The spills occurred from November 2012 through January 2013 along approximately 4,000 feet of pipeline between Mill Creek and northern Bothell. This portion of the 43 year-old line is a known pinch point in the system that cannot handle the significant quantities of surface and groundwater that enter from inward leaks during rainstorms.
The discharges may have totaled approximately 10 million gallons. The untreated wastewater flowed into a wetland in Centennial Park and to North Creek. Wastewater also backed up into two homes near Thrasher’s Corner.
“King County took responsibility by responding to each incident, and has taken steps to avoid this problem in the future,” said Kevin Fitzpatrick, Ecology’s regional water quality program manager. “Nevertheless, King County clearly understands that this spill presented environmental risks and the need for remedial action to address possible environmental harm to the wetland and receiving waters.”
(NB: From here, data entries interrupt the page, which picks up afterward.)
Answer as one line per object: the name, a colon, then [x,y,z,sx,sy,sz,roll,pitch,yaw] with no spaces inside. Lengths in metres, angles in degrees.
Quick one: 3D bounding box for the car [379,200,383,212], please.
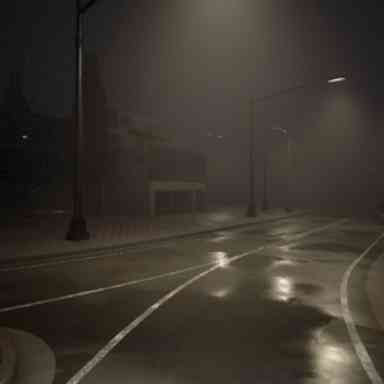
car: [24.928,1.736,42.085,2.128,1.511,4.902,1,0,35]
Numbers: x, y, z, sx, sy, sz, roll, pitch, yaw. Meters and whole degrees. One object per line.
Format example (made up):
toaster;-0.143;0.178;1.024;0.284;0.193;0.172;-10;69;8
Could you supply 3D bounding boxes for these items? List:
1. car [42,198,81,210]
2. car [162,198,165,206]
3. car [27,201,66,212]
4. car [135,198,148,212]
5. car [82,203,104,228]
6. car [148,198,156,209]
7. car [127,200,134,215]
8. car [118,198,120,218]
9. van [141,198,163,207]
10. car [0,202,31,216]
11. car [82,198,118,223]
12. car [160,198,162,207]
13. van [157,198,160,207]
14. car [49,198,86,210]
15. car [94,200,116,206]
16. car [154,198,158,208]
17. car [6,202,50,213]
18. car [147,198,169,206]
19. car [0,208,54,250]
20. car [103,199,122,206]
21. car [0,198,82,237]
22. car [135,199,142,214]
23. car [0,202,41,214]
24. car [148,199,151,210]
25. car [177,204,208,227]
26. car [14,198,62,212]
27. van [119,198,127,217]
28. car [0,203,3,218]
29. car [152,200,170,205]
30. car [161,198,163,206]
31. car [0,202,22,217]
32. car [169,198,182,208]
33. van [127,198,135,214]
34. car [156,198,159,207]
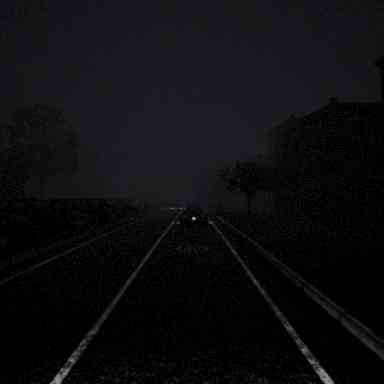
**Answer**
car;-21.857;1.996;55.746;5.566;2.045;2.435;0;-1;0
car;-8.803;2.531;69.980;5.008;1.535;2.097;0;-1;0
car;-21.881;2.142;50.174;5.008;1.535;2.097;0;-1;0
car;-8.834;1.747;41.960;5.566;2.045;2.435;0;-1;0
car;-8.822;1.679;22.334;4.892;1.521;2.231;0;-1;0
car;-8.801;2.197;53.167;5.008;1.535;2.097;0;-1;0
car;-8.800;1.859;33.547;4.892;1.521;2.231;0;-1;0
car;-8.778;1.639;27.941;4.553;1.767;2.185;0;-1;0
van;-8.692;2.361;72.787;4.442;1.987;1.878;0;-1;0
car;-21.880;1.950;39.036;5.008;1.535;2.097;0;-1;0
car;-8.840;1.470;25.143;5.566;2.045;2.435;0;-1;0
car;-8.778;2.449;64.374;4.792;1.488;2.163;0;-1;0
van;-8.691;2.138;61.576;4.442;1.987;1.878;0;-1;0
car;-21.858;2.049;58.407;5.566;2.045;2.435;0;-1;0
car;-21.895;2.804;83.621;4.892;1.521;2.231;0;-1;0
car;-8.992;2.249;55.966;5.366;1.575;1.946;0;-1;0
car;-21.914;2.073;44.605;4.792;1.488;2.163;0;-1;0
car;-8.781;2.615;86.801;5.566;2.045;2.435;0;-1;0
car;-8.824;1.574;13.930;4.892;1.521;2.231;0;-1;0
car;-21.920;2.843;91.949;4.553;1.767;2.185;0;-1;0
car;-8.853;1.354;16.733;5.566;2.045;2.435;0;-1;0
car;-8.800;1.952;39.152;5.008;1.535;2.097;0;-1;0
car;-21.856;2.026;41.820;4.792;1.488;2.163;0;-1;0
car;-8.777;2.124;47.559;4.792;1.488;2.163;0;-1;0
car;0.131;1.810;24.666;1.994;1.385;4.181;0;-1;0
car;-21.858;1.840;47.392;5.566;2.045;2.435;0;-1;0
van;-8.691;1.586;30.747;4.442;1.987;1.878;0;-1;0
car;-21.884;1.897;33.464;4.674;1.452;2.002;0;-1;0
car;-8.804;3.035;95.204;4.892;1.521;2.231;0;-1;0
car;-8.779;2.505;67.177;4.792;1.488;2.163;0;-1;0
car;-21.700;1.900;36.250;5.366;1.575;1.946;0;-1;0
car;-3.161;2.508;69.079;1.882;1.535;5.008;0;-1;0
van;-8.922;1.679;36.353;4.442;1.987;1.878;0;-1;0
car;-8.836;2.337;58.768;4.792;1.488;2.163;0;-1;0

The pipeline, called the North Creek Interceptor, carries wastewater from Mill Creek, Thrashers Corner, Canyon Park and Bothell, with flow primarily coming from the Alderwood Water and Wastewater District. King County provides wastewater treatment for cities and sewer districts in parts of southern Snohomish County.
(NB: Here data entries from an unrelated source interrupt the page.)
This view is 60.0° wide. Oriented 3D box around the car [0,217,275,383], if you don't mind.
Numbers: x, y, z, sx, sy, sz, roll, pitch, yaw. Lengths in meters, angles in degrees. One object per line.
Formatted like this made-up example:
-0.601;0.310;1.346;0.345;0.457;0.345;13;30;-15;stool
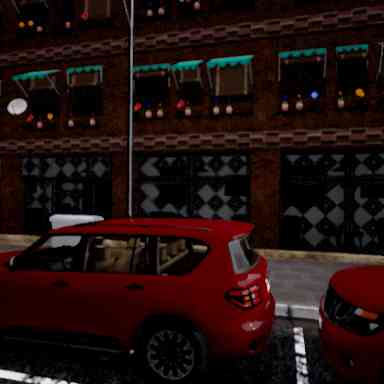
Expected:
-1.292;1.325;5.052;5.009;1.841;2.192;0;1;16;car

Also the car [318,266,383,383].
4.049;1.324;3.547;5.009;1.841;2.192;0;1;16;car
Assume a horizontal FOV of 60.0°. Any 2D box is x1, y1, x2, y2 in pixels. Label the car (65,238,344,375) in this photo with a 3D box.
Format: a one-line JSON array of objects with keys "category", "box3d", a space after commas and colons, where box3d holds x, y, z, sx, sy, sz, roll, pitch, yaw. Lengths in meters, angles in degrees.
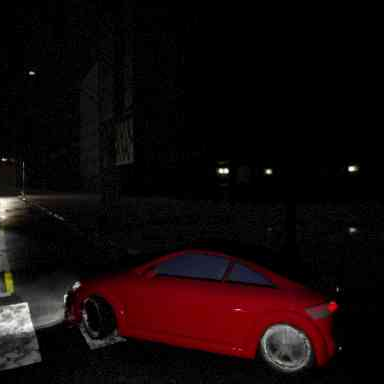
[{"category": "car", "box3d": [0.126, 1.471, 5.290, 4.181, 1.385, 1.994, 1, 2, 20]}]

“Our mission is to protect public health and the environment, and taking steps to prevent additional overflows while we complete an upgrade to this aging portion of our regional conveyance system is our highest priority,” said King County Wastewater Treatment Division Director Pam Elardo.
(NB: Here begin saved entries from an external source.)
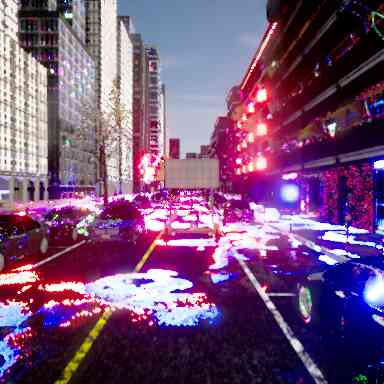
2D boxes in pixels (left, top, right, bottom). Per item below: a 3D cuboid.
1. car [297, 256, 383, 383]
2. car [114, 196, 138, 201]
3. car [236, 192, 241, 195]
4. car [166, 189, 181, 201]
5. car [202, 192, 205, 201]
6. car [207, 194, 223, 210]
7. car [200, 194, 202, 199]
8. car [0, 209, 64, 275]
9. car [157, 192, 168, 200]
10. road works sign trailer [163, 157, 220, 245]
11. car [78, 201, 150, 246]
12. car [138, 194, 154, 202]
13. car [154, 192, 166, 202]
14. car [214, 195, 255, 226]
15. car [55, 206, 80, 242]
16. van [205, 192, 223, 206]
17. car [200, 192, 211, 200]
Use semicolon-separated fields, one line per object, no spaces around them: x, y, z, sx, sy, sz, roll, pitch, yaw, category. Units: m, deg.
2.687;1.495;4.233;2.008;1.369;4.403;0;1;0;car
-5.709;1.198;26.185;1.752;1.417;4.829;0;1;0;car
13.368;0.340;84.497;4.403;1.369;2.008;-1;1;-1;car
-3.039;0.710;57.264;2.097;1.767;4.553;0;1;0;car
2.659;0.913;42.956;1.967;1.590;4.097;0;1;0;car
2.667;1.187;31.894;1.802;1.307;4.206;0;1;0;car
2.652;0.894;54.022;2.008;1.369;4.403;0;1;0;car
-5.698;1.426;9.759;2.008;1.369;4.403;0;1;0;car
-5.736;0.760;65.082;1.887;1.381;4.507;0;1;0;car
-0.011;0.280;14.483;2.380;3.560;2.880;0;1;0;road works sign trailer
-3.111;1.343;14.363;1.812;1.442;4.674;0;1;0;car
-5.717;1.121;37.421;1.802;1.307;4.206;0;1;0;car
-5.728;0.870;53.847;1.752;1.417;4.829;0;1;0;car
2.675;1.178;20.827;1.967;1.590;4.097;0;1;0;car
-5.702;1.351;15.291;1.887;1.381;4.507;0;1;0;car
2.663;0.880;37.423;1.690;1.788;3.998;0;1;0;van
2.644;0.766;65.087;2.008;1.369;4.403;0;1;0;car

King County plans to accelerate an upgrade and replacement project – originally set for 2017 – to 2016. The county has taken temporary measures and is planning others to avoid overflows and prevent damage to homes if discharges occur in the meantime.
Since the overflows last fall and winter, King County has located and repaired several serious leaks and is continuing more priority work on tightening up the line. To protect homes in the area from potential sewage backups, King County has installed valves that can stop backflows and plans to install pumps to ensure wastewater from the residences flows to the sewer lines.
In case these measures fall short, King County also is designing a temporary system to pump excess flow via an overflow pipe past the area where the discharges occurred. Additional metering will alert King County wastewater system crews when water levels begin to rise in the sewer system. These measures will remain in effect until King County completes the permanent upgrade project.
In response to the incidents last fall and winter, King County provided temporary living accommodations for the occupants of one of the affected homes and professional cleanup and disinfection for both of the damaged houses. The county organized cleanup of the overflow sites after each spill, and posted warnings to the public to avoid contact with the waters. The county paid for and conducted water quality testing to determine when to remove the warnings.
Ecology considered these response measures in setting the penalty amount. Ecology penalties may be appealed to the Washington State Pollution Control Hearings Board.